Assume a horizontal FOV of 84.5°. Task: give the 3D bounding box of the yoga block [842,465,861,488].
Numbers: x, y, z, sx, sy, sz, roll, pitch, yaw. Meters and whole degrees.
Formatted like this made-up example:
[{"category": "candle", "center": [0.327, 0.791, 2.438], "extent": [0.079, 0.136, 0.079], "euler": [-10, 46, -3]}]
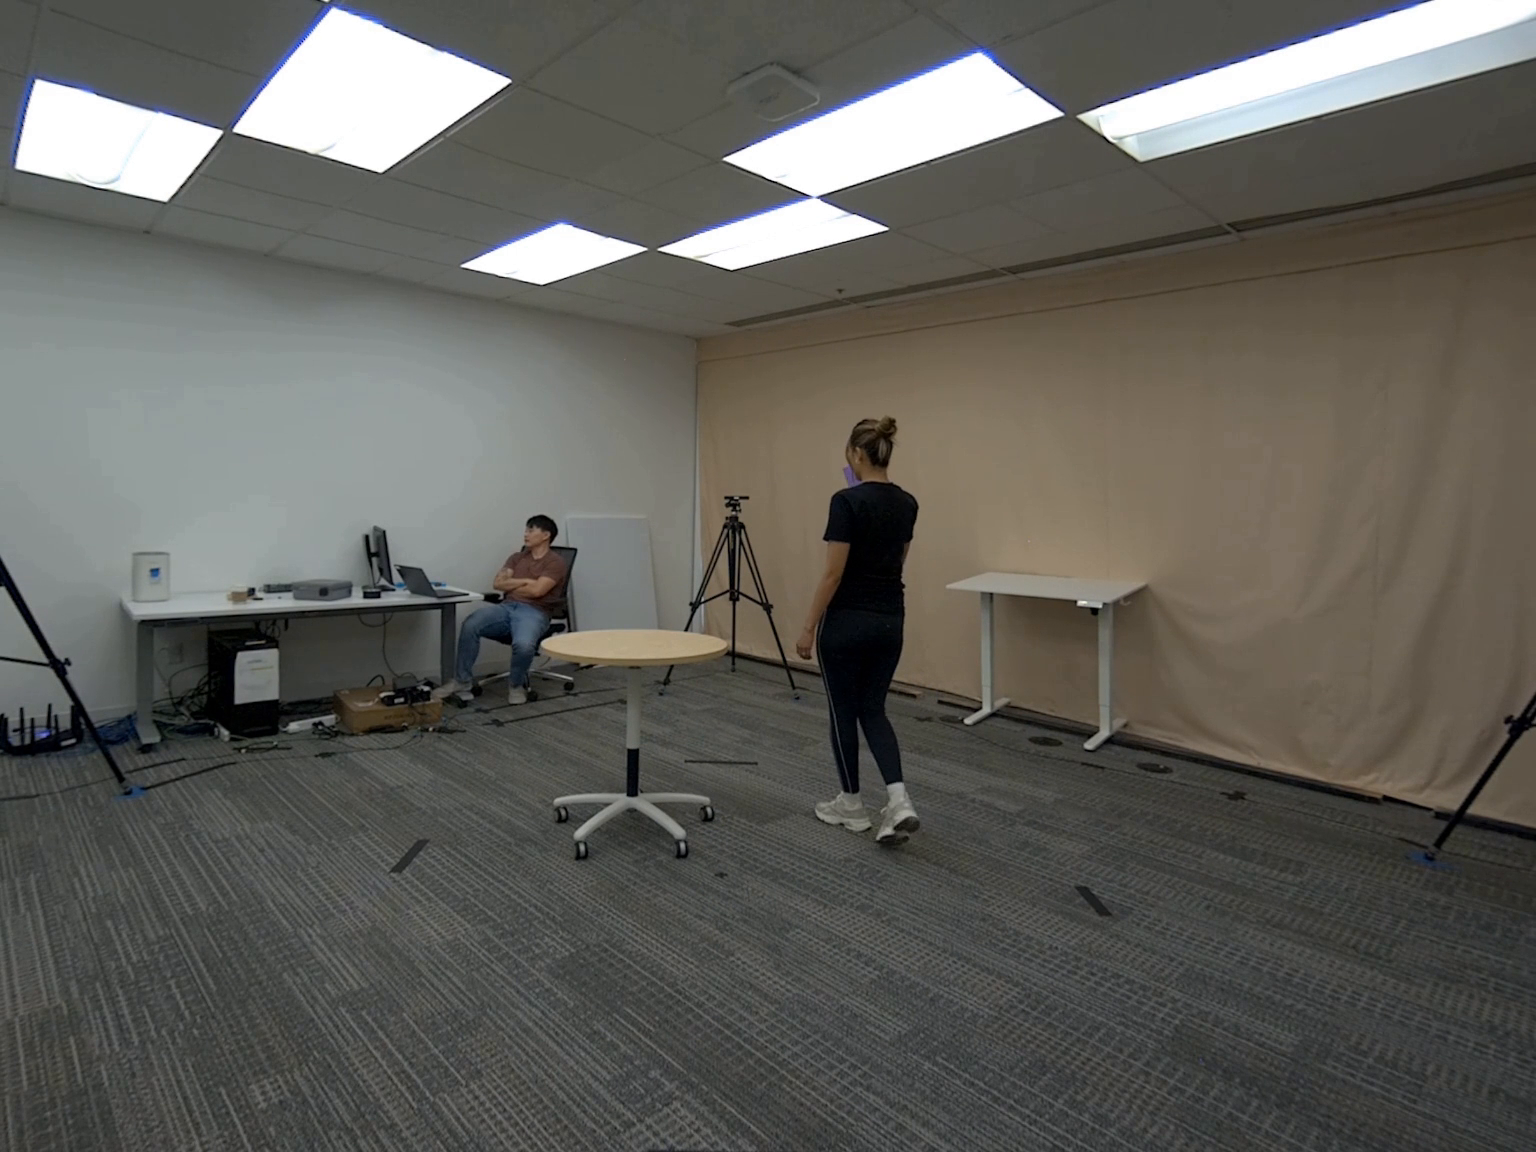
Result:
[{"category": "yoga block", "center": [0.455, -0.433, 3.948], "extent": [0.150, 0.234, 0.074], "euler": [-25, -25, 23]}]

* * *

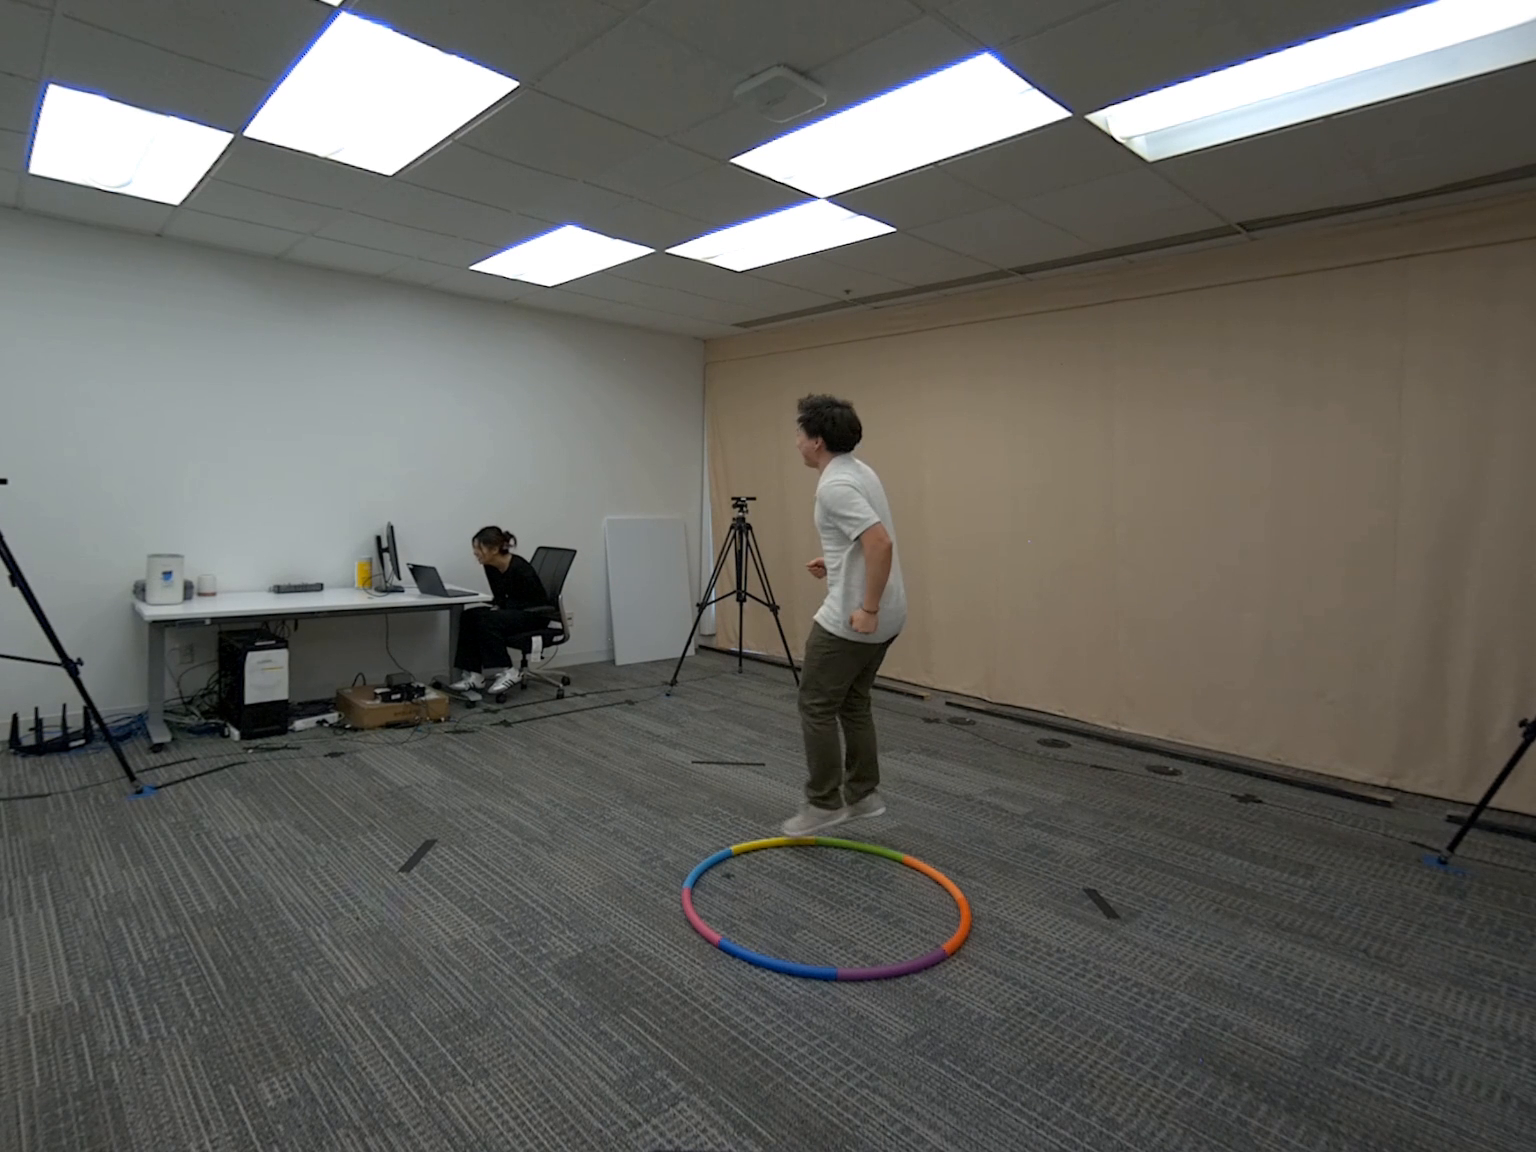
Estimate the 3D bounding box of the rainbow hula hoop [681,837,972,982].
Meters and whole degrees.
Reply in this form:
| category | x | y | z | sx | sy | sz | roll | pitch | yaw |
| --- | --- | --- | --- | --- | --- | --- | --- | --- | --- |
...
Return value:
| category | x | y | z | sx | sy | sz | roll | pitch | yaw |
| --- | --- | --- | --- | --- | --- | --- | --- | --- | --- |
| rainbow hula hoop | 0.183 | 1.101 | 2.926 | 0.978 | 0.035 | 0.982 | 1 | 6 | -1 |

* _PROBLEM DETAILS_
Repeat exactly the lines of the listing above, from the one with "Assume a horizontal" down to the one with "Formatted like this"; both of those lines belong in the range.

* _FINISHED TASK_
Assume a horizontal FOV of 84.5°. Task: give the 3D bounding box of the yoga block [842,465,861,488].
Numbers: x, y, z, sx, sy, sz, roll, pitch, yaw. Meters and whole degrees.
Formatted like this made-up example:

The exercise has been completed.